Encore aujourd’hui, Daniel Darc le confie volontiers: il s’est de tous temps senti punk, avant même l’apparition du terme, au tournant des années 70. Un punk rocker. A vif, boudant le tiède, ne concevant la vie que comme une succession de fulgurances. Avec Mirwaïs Ahmadzaï (qui préside aujourd’hui aux destinées électro de Madonna) il donnera corps à sa soif d’intense en fondant Taxi Girl, formation emblématique du dandysme punk made in France, dont Darc personnifie à merveille le côté sombre, en exergue lors de prestations live, un rien borderline. D'aucun se remémoreront ce fameux concert où il se trancha les veines de l’avant bras sur scène, ces mêmes veines où plongèrent régulièrement de vénéneuses aiguilles. Les deux feront cause commune jusqu’en 86, date qui marque les premiers enregistrements solo de Darc et le début d’une seconde carrière erratique: quatre albums en vingt ans, des titres accouchés par Jacno, Daho ou Burgalat, et surtout un parcours en forme de jeu de piste, où l’excès n’est jamais loin.
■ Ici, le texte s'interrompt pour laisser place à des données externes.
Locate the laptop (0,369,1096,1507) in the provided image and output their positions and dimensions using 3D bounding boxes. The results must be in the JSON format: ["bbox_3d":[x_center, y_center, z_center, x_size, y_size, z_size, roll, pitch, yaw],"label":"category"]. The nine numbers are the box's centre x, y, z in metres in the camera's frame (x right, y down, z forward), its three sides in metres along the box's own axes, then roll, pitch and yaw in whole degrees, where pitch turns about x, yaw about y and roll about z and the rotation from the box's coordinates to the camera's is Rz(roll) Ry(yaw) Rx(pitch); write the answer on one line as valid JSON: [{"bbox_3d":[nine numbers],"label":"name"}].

Ce Crèvecoeur, pressenti depuis un titre écrit sur le récent album de Dani, marque donc le retour aux affaires de Darc, après quatorze années de silence discographique, dicté entre autres par son penchant pour l’autodestruction. Un passage à l’acte dû en partie à Frédéric Lo, voisin de Darc mais surtout musicien dont les velléités d’albums solo étaient jusqu’à maintenant restées dans les tiroirs de son home studio, et qui signe ici toutes les compositions de Crèvecoeur. Connivence, confiance, estime mutuelle sont les maîtres mots de ce recueil confiné, écrit à quatre mains, mais que l’absence de concession n’affaiblit en rien. Arpèges délicats, guitares discrètes, et lointains souffles d’harmonica soulignent la voix habitée de Darc, qui évolue ici dans un univers musical parsemé de citations (le clavier de Et quel crime?, clin d’œil à Taxi-Girl), et de bulles de légèreté contrastant avec des textes parsemées de références christiques («en m’asseyant sur la boue/ j’ai prié/ en me mettant à genoux/ j’ai pleuré»ou «une croix trop lourde pour moi/ un bois qui pèse et m’écartèle») et d’échos aux années passées.
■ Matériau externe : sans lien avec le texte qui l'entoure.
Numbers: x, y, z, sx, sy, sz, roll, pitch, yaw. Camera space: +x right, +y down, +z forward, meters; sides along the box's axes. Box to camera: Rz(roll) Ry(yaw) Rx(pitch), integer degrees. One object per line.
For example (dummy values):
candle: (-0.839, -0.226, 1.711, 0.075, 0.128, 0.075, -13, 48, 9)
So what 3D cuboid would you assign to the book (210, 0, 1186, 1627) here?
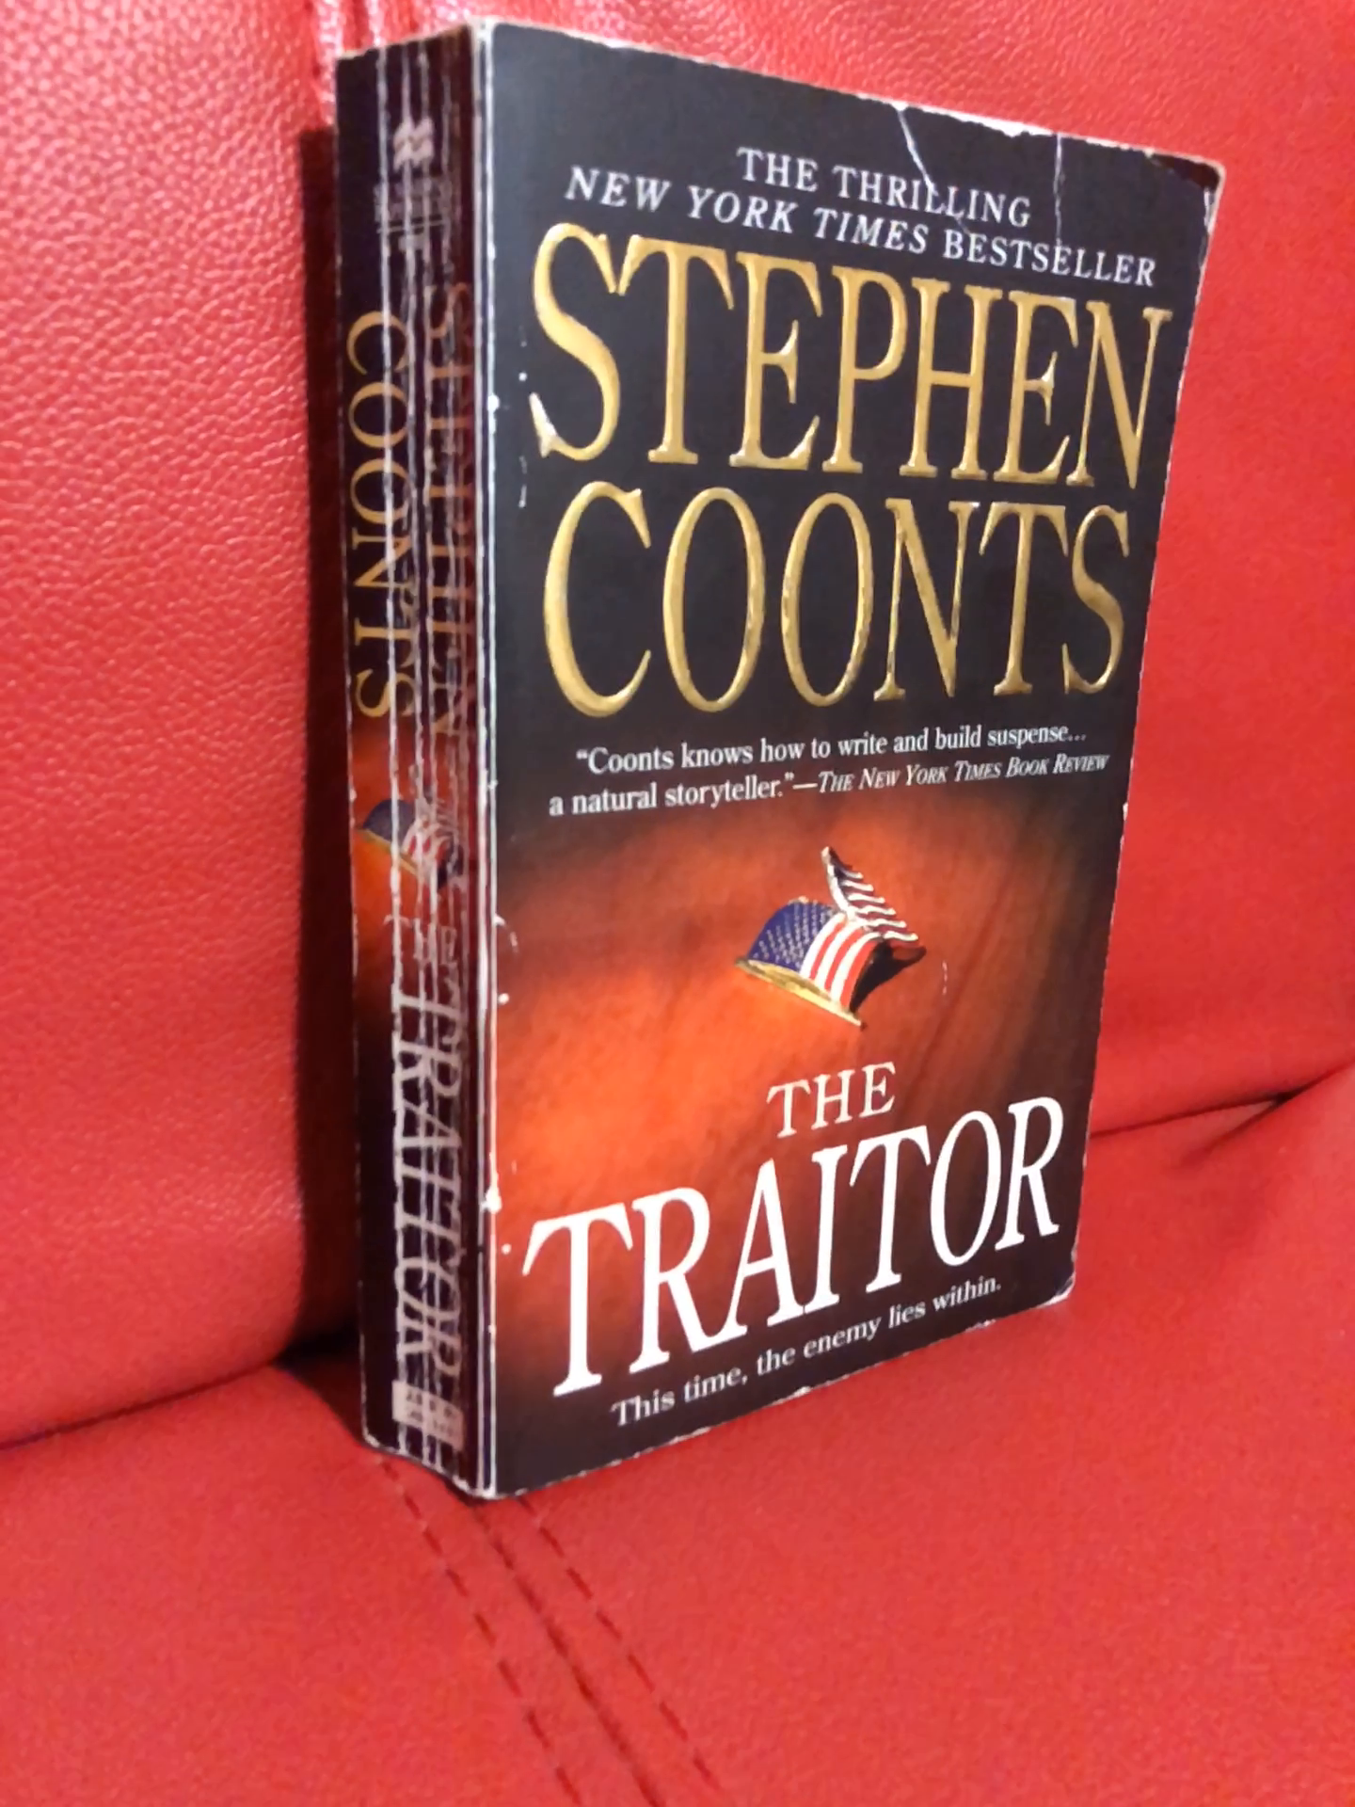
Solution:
book: (0.008, -0.017, 0.204, 0.120, 0.180, 0.040, -7, 14, -35)

Avec ses titres peuplés de fantômes, de souvenirs en forme de blessures encore à demi ouvertes, on pourrait aisément voir Crèvecoeur comme un disque de survivant, le témoignage d’une gueule cassée des années punk ayant trop souvent tutoyé l’excès, tapant aujourd’hui à deux doigts, laborieux, des épanchements insomniaques sur sa machine à écrire hors d’âge. Un ramassis d’états d’âme conjugués au passé, interrogeant «suis-je inutile ou hors d’usage/ ou peut-être un peu trop amer?», évoquant «cestemps, ces lieux chers à mon coeur». Mais si les douze titres de Crèvecoeur transpirent un vécu cabossé, elles ne le vampirisent jamais, ne se laissent jamais aller au malsain, au premier degré d’une nostalgie mal à propos.
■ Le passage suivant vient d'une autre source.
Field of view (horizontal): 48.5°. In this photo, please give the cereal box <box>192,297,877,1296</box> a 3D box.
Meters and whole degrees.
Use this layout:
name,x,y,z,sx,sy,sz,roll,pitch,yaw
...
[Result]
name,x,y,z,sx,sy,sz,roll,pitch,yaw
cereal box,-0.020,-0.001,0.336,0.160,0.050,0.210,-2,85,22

Textes crachés sur des copies dont on remarque moins les ratures que l’élégance des écorchures. Ecriture précieuse, intime, jamais impudique. Sans pathos ou trop-plein de maniérisme. Mûrit, apaisé, assagi –au sens nobles des termes, le Darc nouveau, qui ne se défait jamais vraiment d’une sauvagerie viscérale, n’est pas un album de renoncement. Intense, touchant, l’ex-Taxi Girl bannit le cynisme, manie un parlé-chanté fragile, entre poésie lucide et effluves gainsbouriennes. Cite au détour d’un accord les Kinks ou John Barry. Continue, sans céder au dépressif, de creuser le côté obscur d’une vie compte à rebours («déjà en moi, je sens l’automne/qui doucement ronge mon corps/l’affreuse angoisse m’emprisonne/combien de temps jusqu’à la mort?»). Hors modes, à l’abri des tendances et autres calculs Crèvecoeur sonne souvent juste. Introspectif, il sait se garder de l’impudeur, et esquiver le pesant. Poétique, il reste brûlant. Sombre, assurément. Darc, tout simplement.